The problem arises in the very nature of planning.
Good planning has to see the process, not just the
end. It has to include means for changing itself as
the work unfolds. It has to anticipate its own
failures along the way.
Terrible trouble has followed software contracts
around. We had to shut down five nuclear reactors
in 1979. Their design software had been flawed. The
Therac-25 radiation therapy system killed five
patients with overdoses in the mid-'80s. The Hubble
Space Telescope was plagued with software problems.
So were the defensive electronics on the B1 bomber.

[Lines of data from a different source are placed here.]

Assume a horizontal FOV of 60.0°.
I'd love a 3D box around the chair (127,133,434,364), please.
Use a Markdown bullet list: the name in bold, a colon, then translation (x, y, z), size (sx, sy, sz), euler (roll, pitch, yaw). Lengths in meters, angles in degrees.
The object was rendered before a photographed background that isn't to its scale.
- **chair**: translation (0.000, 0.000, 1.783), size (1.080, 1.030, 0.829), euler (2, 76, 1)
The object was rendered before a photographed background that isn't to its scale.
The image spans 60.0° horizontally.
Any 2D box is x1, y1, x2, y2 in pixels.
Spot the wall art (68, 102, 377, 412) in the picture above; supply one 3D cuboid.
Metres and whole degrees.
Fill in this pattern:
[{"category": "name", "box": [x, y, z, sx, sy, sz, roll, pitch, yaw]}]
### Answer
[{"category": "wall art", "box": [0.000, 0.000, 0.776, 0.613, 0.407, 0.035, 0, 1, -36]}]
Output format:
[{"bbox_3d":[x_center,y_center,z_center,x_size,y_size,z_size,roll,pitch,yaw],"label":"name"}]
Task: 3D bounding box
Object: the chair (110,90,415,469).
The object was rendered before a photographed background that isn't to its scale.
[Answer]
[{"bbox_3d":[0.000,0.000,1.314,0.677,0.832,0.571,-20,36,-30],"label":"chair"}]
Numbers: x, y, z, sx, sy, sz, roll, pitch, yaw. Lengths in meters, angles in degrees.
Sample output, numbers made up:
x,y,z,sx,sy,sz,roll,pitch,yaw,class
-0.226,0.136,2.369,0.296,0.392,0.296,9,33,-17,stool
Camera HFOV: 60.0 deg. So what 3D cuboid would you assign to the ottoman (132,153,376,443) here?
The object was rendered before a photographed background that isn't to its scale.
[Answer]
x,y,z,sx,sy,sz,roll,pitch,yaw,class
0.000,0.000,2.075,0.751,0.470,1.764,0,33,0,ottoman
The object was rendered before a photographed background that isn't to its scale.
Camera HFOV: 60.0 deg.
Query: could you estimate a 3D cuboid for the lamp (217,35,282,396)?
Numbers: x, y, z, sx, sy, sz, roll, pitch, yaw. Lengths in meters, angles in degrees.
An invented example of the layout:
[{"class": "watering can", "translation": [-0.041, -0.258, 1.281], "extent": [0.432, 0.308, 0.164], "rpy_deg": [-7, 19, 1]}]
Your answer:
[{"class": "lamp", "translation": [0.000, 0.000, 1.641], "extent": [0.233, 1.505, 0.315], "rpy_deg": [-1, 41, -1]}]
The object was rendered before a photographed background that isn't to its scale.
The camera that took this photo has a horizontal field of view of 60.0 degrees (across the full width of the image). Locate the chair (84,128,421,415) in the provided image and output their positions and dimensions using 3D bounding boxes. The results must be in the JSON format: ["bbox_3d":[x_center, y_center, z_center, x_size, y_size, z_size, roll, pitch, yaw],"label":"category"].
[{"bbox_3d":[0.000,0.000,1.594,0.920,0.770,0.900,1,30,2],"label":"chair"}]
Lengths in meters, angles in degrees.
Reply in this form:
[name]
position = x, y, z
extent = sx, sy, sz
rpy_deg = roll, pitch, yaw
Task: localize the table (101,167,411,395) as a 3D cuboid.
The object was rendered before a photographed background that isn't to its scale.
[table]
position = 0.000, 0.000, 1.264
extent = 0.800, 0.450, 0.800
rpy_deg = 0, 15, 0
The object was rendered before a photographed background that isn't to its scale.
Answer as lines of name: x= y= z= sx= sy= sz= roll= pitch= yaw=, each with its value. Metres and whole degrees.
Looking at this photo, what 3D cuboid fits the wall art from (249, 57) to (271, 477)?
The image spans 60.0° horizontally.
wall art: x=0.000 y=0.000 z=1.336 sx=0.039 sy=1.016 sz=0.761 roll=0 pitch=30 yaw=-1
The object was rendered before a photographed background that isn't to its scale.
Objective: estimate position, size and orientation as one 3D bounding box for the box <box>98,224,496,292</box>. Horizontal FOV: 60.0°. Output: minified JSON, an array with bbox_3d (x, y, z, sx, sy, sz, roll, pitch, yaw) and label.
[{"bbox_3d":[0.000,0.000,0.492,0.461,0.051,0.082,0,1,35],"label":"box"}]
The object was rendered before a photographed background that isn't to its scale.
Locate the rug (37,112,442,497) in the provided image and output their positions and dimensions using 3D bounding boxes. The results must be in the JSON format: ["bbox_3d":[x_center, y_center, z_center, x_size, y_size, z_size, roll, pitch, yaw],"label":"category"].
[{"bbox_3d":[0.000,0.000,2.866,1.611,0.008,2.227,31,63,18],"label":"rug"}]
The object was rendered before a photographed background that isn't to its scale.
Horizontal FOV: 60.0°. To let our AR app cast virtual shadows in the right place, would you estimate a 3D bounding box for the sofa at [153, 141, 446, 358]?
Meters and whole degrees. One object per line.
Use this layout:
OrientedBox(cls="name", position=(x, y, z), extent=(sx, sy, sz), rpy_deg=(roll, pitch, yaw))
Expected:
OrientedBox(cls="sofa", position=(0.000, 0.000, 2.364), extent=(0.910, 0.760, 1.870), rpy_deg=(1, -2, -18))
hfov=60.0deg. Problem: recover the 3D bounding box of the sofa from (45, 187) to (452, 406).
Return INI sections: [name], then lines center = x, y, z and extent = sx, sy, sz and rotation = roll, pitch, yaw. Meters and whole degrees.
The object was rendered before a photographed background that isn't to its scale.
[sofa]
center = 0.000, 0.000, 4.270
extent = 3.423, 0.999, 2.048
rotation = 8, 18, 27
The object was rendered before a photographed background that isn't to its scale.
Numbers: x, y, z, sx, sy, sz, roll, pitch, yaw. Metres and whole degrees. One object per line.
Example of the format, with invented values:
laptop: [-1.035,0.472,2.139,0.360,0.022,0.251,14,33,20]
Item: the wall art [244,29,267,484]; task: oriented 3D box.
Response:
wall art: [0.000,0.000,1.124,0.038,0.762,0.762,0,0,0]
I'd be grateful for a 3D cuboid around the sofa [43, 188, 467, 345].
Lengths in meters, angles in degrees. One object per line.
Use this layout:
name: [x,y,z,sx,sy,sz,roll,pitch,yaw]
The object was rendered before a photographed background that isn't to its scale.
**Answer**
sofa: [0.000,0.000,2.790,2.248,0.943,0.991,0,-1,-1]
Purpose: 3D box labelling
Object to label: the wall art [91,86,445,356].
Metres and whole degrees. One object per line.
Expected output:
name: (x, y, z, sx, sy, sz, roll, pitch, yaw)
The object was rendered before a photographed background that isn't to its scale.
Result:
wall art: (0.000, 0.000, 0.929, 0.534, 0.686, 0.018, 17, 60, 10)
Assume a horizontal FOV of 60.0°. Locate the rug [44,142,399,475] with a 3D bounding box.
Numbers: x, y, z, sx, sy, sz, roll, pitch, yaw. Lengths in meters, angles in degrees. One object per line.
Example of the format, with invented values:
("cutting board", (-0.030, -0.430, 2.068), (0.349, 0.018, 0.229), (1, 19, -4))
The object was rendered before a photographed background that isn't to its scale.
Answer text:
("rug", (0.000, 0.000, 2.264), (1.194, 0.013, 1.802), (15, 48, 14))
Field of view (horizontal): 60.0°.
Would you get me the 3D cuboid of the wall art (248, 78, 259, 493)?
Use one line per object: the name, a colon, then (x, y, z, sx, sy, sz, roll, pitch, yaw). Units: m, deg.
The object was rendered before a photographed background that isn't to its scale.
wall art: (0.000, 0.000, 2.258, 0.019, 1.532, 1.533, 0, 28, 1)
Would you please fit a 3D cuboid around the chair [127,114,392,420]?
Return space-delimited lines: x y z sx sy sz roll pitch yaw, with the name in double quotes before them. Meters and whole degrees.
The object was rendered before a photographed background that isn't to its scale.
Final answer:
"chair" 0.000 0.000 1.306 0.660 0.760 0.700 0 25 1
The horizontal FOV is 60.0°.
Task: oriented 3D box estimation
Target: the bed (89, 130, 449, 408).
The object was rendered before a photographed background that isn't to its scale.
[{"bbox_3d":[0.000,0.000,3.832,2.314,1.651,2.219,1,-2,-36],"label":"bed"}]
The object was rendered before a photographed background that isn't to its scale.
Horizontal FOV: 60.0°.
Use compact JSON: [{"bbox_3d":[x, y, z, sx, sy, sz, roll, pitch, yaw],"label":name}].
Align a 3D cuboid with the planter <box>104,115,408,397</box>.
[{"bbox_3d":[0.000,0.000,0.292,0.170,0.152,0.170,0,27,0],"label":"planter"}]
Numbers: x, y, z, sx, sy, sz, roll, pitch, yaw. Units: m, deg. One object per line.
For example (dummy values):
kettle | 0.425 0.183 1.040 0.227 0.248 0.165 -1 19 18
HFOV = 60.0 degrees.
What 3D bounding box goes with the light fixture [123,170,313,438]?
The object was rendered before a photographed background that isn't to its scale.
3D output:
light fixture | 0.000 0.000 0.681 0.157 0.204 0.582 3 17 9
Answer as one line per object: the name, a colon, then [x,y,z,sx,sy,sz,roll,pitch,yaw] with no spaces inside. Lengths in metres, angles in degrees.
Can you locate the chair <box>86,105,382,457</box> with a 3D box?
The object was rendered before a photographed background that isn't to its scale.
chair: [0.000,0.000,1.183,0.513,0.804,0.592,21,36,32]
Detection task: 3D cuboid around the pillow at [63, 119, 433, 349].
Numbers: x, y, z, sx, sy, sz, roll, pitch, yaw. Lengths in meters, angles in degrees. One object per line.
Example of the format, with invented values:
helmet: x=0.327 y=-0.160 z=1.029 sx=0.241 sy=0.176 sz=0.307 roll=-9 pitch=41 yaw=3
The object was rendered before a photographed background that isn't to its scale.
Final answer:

An alarmed congressional committee has pointed the
finger at procurement thinking. I've worked under
such contracts. I've had to fill out countless
timelines in proposals. By April I'll design the
apparatus. I'll build it by July. I'll collect the
data by Thanksgiving and analyze them during
Epiphany. Just try doing original work that way!
No sensible parent makes his child absolutely
accountable. The result would be an absolutely
irresponsible child. Procurement people are slow to
see that. They forget process in the rush to
guarantee results.
Good design is an interaction among responsible
people. The trick is to rough something out -- then
interact and correct. Software has to evolve with
hardware. We must spiral in on a good design, says
Science magazine writer Mitchell
Waldrop. You cannot specify anything good and new
before you create it.
Big over-specified systems are too hard to fix when
they break down. Our procurement system itself is
like bad software. Maybe it should be replaced. We
need a system that will attract designers who want
to be responsible -- not just accountable.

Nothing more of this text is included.